The Senate Armed Services subcommittee has stripped money for the Jacksonville-Little Rock Air Force Base Joint Education Center from the proposed 2008 military construction appropriation ap-proved by the House and passed to the Senate floor, but Sen. Blanche Lincoln’s office says there are still two chances to put $9.8 million back into the bill.

“It’s still open for debate on the floor and then in the joint conference committee,” said Katie Laning, spokesman for Lincoln.
“The education facility is definitely a priority for Lincoln and the entire delegation,” she said.

“We’re not done with the process,” said Pryor’s spokesman, Michael Teague. “We’ll continue to fight for those dollars, to put our best foot forward with (Cong. Vic Snyder) on the House side.”

“I am hopeful that the education center will be in the final conference report, but there is a long way to go in the legislative process,” Cong. Vic Snyder said Tuesday.
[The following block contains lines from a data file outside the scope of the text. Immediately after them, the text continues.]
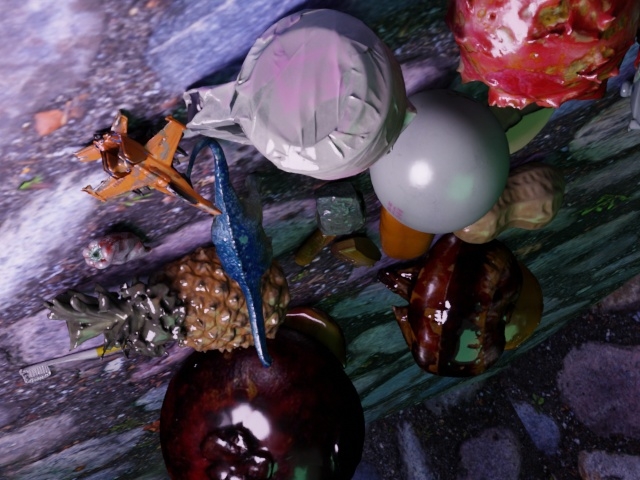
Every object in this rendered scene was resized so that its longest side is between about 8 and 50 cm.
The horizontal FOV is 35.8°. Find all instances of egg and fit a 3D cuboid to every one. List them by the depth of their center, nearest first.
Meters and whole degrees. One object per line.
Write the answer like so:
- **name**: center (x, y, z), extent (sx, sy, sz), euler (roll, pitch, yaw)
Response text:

The base is in Snyder’s congressional district and he’s a long-time advocate for it.
The issue came to light locally Monday, when John Chavis, LRAFB deputy base civil engineer, warned that the base had never received appropriations for two major construction jobs in the same fiscal year.


RUNWAY REPAIR

Both the Senate committee and the House versions of the military construction appropriation both include $9.8 million for runway repairs at Little Rock Air Force Base.
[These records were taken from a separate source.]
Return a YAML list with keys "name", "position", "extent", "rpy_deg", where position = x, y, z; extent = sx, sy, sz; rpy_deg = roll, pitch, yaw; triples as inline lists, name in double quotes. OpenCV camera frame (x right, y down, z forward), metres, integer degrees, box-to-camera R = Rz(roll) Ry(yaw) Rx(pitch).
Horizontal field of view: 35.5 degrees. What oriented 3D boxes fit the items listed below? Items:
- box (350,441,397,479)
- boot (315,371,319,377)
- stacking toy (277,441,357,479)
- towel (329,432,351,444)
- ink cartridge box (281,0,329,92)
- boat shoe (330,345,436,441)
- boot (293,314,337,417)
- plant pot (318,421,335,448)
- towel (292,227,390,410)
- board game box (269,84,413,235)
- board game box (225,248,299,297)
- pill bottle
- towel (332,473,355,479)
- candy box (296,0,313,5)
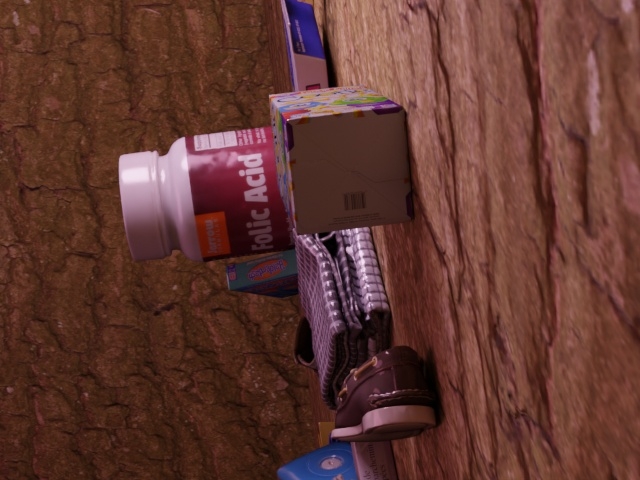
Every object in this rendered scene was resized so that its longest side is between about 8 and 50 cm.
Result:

“Little Rock has never had two (construction appropriations) in one year, and the Senate is more interested in airfield repair,” Chavis told Jacksonville Rotarians Monday.

The base needs money to patch runways worn by the relentless take-offs and landings at the nation’s premiere C-130 center.

In the House version, both projects are funded for $9.8 million in the 2008 House Military Construction and Veterans Affairs Appropriation Act, approved in June, but the bill has languished in the Senate and is unlikely to be considered before lawmakers leave for the August recess, according to Nancy Shefflette, director of the ASU-Beebe LRAFB Degree Center.
The Jacksonville-LRAFB education center, a first-of-its-kind collaboration between a community and a base, is expected to cost about $15 million, and Jacksonville residents taxed themselves and already have their share in the bank.


TRAILBLAZER

“When complete, the joint education facility will be a trailblazer,” said local banker Larry Wilson. “We taxed ourselves,” he said of Jacksonville residents.

The city of Jacksonville has set aside $5 million for its share.

The joint education center, to be constructed on the civilian side of the base perimeter—outside the wire, in military parlance—is authorized as a multi-purpose educational facility that meets Air Force standards for distance learning, video teleconferencing and seminar needs.

Currently, the Education Center is housed in two inadequate converted dormitories that provide a limited scope of academic offerings due to space constraints and distance from the base library, according to Shefflette.

Jacksonville officials and leaders view the center as part of a strategy to provide a college education for local residents.


SIX COLLEGES

The center includes classes affiliated with ASU-Beebe, Embry-Riddle Aeronautical University, Park University, Southern Illinois University, University of Arkansas and Webster University.

The center originally was expected to be 82,000 sq. ft., but was scaled down to 50,000 sq. ft., Shefflette said.
“Of the six schools represented at the base, ASU-Beebe, offering associate’s degrees and also a certificate of proficiency in upholstery, has the most students, according to Shefflette, a former colonel at the base and also former director of the Embry-Riddle Aeronautical University.

Before 9/11, she had 168 civilians enrolled, but in the immediate wake of the terrorist attacks, civilian students couldn’t get on base.

Today, there are fewer than 50 civilian students in her program, she said.

The Joint Education Center idea grew out of the 911 terrorist attacks and the problem of making the classes more accessible to civilians at time of high alert, she said.

Classes range from self-improvement classes such as learning to upholster to classes leading to associates’ degrees, bachelor of science degrees and master’s degrees in arts, science, aeronautical science, business administration and public administration.